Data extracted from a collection

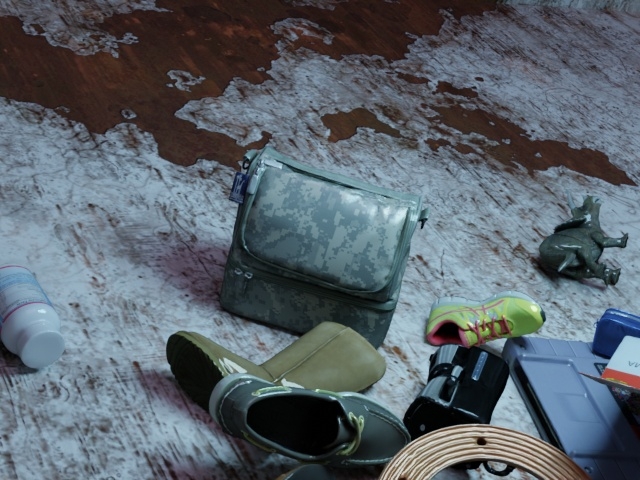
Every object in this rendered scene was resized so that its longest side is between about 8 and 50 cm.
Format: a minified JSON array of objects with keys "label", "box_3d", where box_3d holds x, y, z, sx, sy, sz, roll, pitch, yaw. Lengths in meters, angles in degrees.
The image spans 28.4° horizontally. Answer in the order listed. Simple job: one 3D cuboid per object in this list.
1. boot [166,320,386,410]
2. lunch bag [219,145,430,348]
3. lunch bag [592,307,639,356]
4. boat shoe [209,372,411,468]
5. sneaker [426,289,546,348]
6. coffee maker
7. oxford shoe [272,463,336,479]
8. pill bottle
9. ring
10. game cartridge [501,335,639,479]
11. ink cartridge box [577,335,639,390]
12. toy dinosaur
[{"label":"boot","box_3d":[-0.065,0.181,1.877,0.236,0.089,0.269,42,38,16]},{"label":"lunch bag","box_3d":[0.000,0.000,2.031,0.305,0.256,0.212,17,30,2]},{"label":"lunch bag","box_3d":[0.501,0.156,2.104,0.098,0.067,0.065,21,23,20]},{"label":"boat shoe","box_3d":[0.001,0.254,1.706,0.305,0.109,0.091,17,0,-28]},{"label":"sneaker","box_3d":[0.266,0.142,2.065,0.209,0.081,0.094,-8,29,32]},{"label":"coffee maker","box_3d":[0.221,0.254,1.884,0.171,0.120,0.178,44,33,-4]},{"label":"oxford shoe","box_3d":[-0.056,0.337,1.641,0.076,0.076,0.212,-12,-3,38]},{"label":"pill bottle","box_3d":[-0.426,0.109,1.812,0.087,0.087,0.160,-7,38,-34]},{"label":"ring","box_3d":[0.231,0.386,1.668,0.337,0.032,0.336,6,45,-6]},{"label":"game cartridge","box_3d":[0.447,0.277,1.991,0.230,0.068,0.355,2,33,-15]},{"label":"ink cartridge box","box_3d":[0.562,0.202,1.795,0.308,0.091,0.385,13,-4,27]},{"label":"toy dinosaur","box_3d":[0.482,0.024,2.399,0.160,0.121,0.313,18,33,27]}]
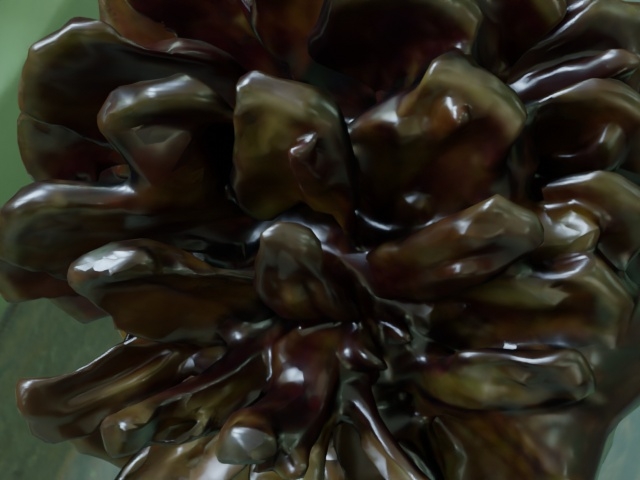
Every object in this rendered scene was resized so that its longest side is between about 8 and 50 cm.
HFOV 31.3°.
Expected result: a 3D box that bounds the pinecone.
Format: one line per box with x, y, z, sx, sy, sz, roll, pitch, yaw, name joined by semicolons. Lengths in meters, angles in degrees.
0.000;0.000;0.629;0.398;0.397;0.397;2;61;-3;pinecone
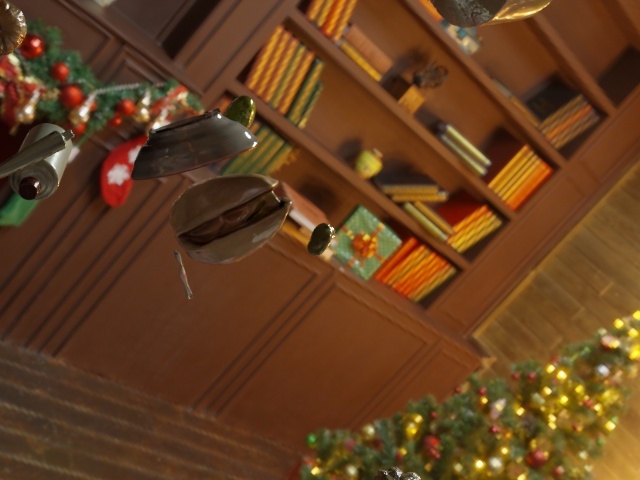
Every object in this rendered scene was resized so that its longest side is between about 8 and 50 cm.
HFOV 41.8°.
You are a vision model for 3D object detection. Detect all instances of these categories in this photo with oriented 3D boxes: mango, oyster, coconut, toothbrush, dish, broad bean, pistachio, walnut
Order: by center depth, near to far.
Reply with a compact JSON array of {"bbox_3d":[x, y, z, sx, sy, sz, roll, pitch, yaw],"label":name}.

What you have to do |
Above are the records; repeat them all exactly, without the pictures.

Exercise solution |
Every object in this rendered scene was resized so that its longest side is between about 8 and 50 cm.
Format: a minified JSON array of objects with keys "label", "box_3d", where box_3d holds x, y, z, sx, sy, sz, roll, pitch, yaw. Lengths in meters, angles in degrees.
The image spans 28.4° horizontally. Answer in the order listed. Simple job: one 3D cuboid per object in this list.
1. boot [166,320,386,410]
2. lunch bag [219,145,430,348]
3. lunch bag [592,307,639,356]
4. boat shoe [209,372,411,468]
5. sneaker [426,289,546,348]
6. coffee maker
7. oxford shoe [272,463,336,479]
8. pill bottle
9. ring
10. game cartridge [501,335,639,479]
11. ink cartridge box [577,335,639,390]
12. toy dinosaur
[{"label":"boot","box_3d":[-0.065,0.181,1.877,0.236,0.089,0.269,42,38,16]},{"label":"lunch bag","box_3d":[0.000,0.000,2.031,0.305,0.256,0.212,17,30,2]},{"label":"lunch bag","box_3d":[0.501,0.156,2.104,0.098,0.067,0.065,21,23,20]},{"label":"boat shoe","box_3d":[0.001,0.254,1.706,0.305,0.109,0.091,17,0,-28]},{"label":"sneaker","box_3d":[0.266,0.142,2.065,0.209,0.081,0.094,-8,29,32]},{"label":"coffee maker","box_3d":[0.221,0.254,1.884,0.171,0.120,0.178,44,33,-4]},{"label":"oxford shoe","box_3d":[-0.056,0.337,1.641,0.076,0.076,0.212,-12,-3,38]},{"label":"pill bottle","box_3d":[-0.426,0.109,1.812,0.087,0.087,0.160,-7,38,-34]},{"label":"ring","box_3d":[0.231,0.386,1.668,0.337,0.032,0.336,6,45,-6]},{"label":"game cartridge","box_3d":[0.447,0.277,1.991,0.230,0.068,0.355,2,33,-15]},{"label":"ink cartridge box","box_3d":[0.562,0.202,1.795,0.308,0.091,0.385,13,-4,27]},{"label":"toy dinosaur","box_3d":[0.482,0.024,2.399,0.160,0.121,0.313,18,33,27]}]
Every object in this rendered scene was resized so that its longest side is between about 8 and 50 cm.
HFOV 31.3°.
Expected result: a 3D box that bounds the pinecone.
Format: one line per box with x, y, z, sx, sy, sz, roll, pitch, yaw, name joined by semicolons. Lengths in meters, angles in degrees.
0.000;0.000;0.629;0.398;0.397;0.397;2;61;-3;pinecone
Every object in this rendered scene was resized so that its longest side is between about 8 and 50 cm.
HFOV 41.8°.
You are a vision model for 3D object detection. Detect all instances of these categories in this photo with oriented 3D boxes: mango, oyster, coconut, toothbrush, dish, broad bean, pistachio, walnut
Order: by center depth, near to far.
Reply with a compact JSON array of {"bbox_3d":[x, y, z, sx, sy, sz, roll, pitch, yaw],"label":name}.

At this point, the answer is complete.